▶ Information shown

------------------------------------------------------------------------

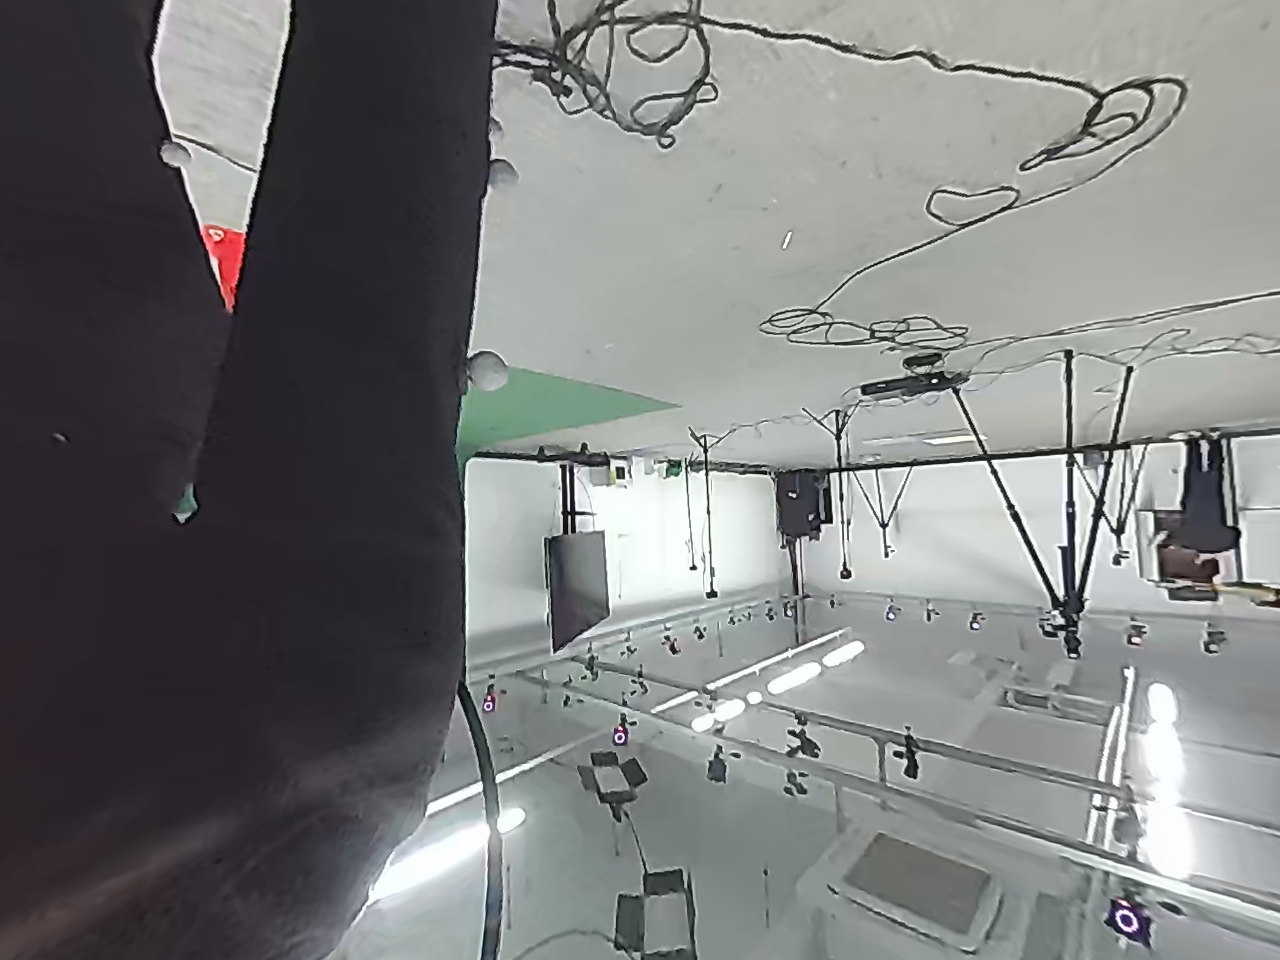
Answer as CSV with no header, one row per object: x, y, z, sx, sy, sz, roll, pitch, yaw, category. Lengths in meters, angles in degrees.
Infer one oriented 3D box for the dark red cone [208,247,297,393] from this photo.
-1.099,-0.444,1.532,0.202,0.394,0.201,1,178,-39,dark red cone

------------------------------------------------------------------------

▶ Try it
Write out the lines of the listing from the one with "Infer one oriented" to the very end, inclusive, exactly as they appear and with nothing added.

▶ Solution for this task
Infer one oriented 3D box for the dark red cone [208,247,297,393] from this photo.
-1.099,-0.444,1.532,0.202,0.394,0.201,1,178,-39,dark red cone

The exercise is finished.